Atomic treacle

I start with a joke.  There are 10 sorts of people in the world.  Those who understand binary numbers and those who don’t.   

In our culture, we are encouraged to think that we can divide the world up using binary oppositions.  We are either x or we are y.  In politics we are on the left or on the right; in personality we are extrovert or introvert; for our intellectual training we choose between the sciences or the arts; we are routinely asked, by organisations gathering data on diversity, whether we are male or female, homo- or hetero-, abled or disabled, black or white; in London, you either live north of the river or you don’t really live in London at all, which illustrates a significant problem about the use of dichotomies: they set people in opposition one with another.    

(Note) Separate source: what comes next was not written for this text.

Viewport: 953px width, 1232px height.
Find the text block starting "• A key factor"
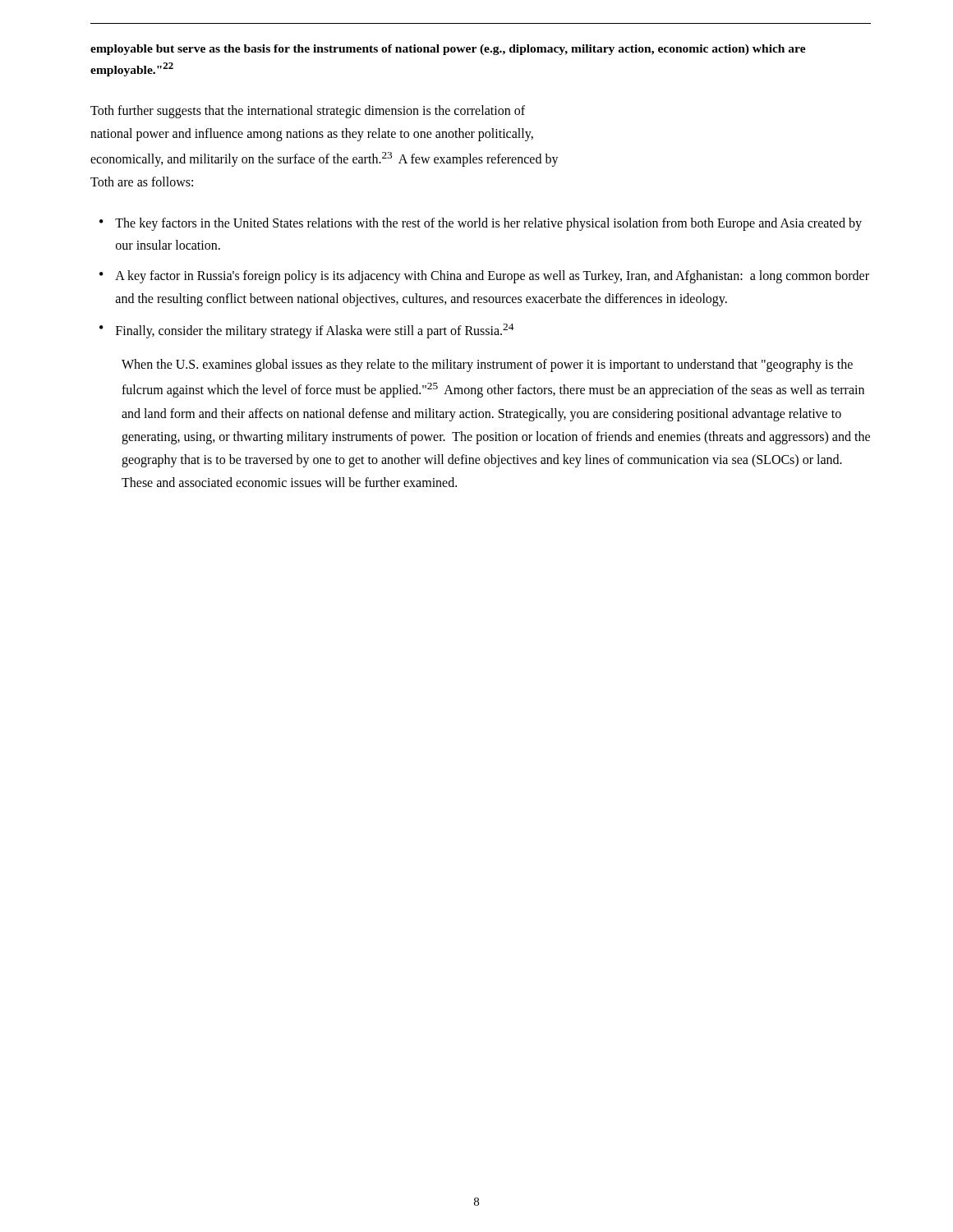(485, 287)
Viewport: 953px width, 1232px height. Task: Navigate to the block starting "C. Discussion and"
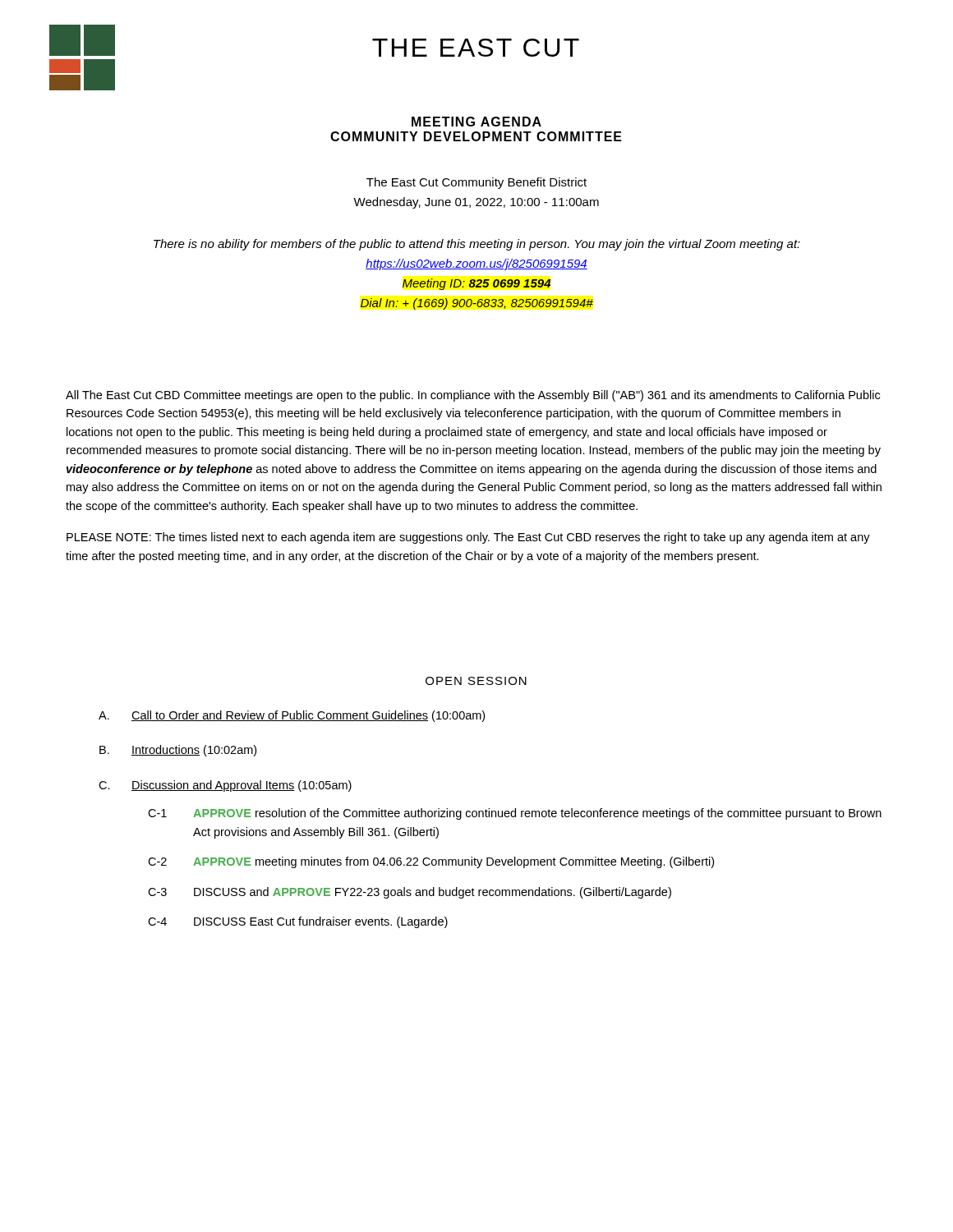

I recently came across a remark by Bertrand Russell, who said of the development of his philosophical temperament that he had leapt from the Hegelian view that the world was a bowl of treacle to the atomist view that the world was a bowl of lead shot.  In other words, he had abandoned the view that we cannot understand anything until we understand everything, since as Hegel claimed the true is the whole, and instead had adopted the view that the only way to understand anything is to break it down into its component parts and try to understand each of them in turn and then figure out how they connect.  Atomists, of whom Russell is a good example, think that the main purpose of philosophy is analysis, that is, the systematic separation of each part or element of a phenomenon, so that it can be studied in isolation; by contract, treaclists, of whom John Dewey might be a good example, think that the main purpose of philosophy is synthesis, that is, the examination of the interconnectedness of phenomena, so that their reciprocal influence upon each other can be understood.  I was taught philosophy in the atomist tradition, but during my training I leapt in the opposite direction to Bertrand Russell, and I am now a confirmed treaclist.  I try to resist attempts to divide up the world, believing that we understand best when we consider the whole and the fulness of its variety.   There are many more than 10 sorts of people in my world.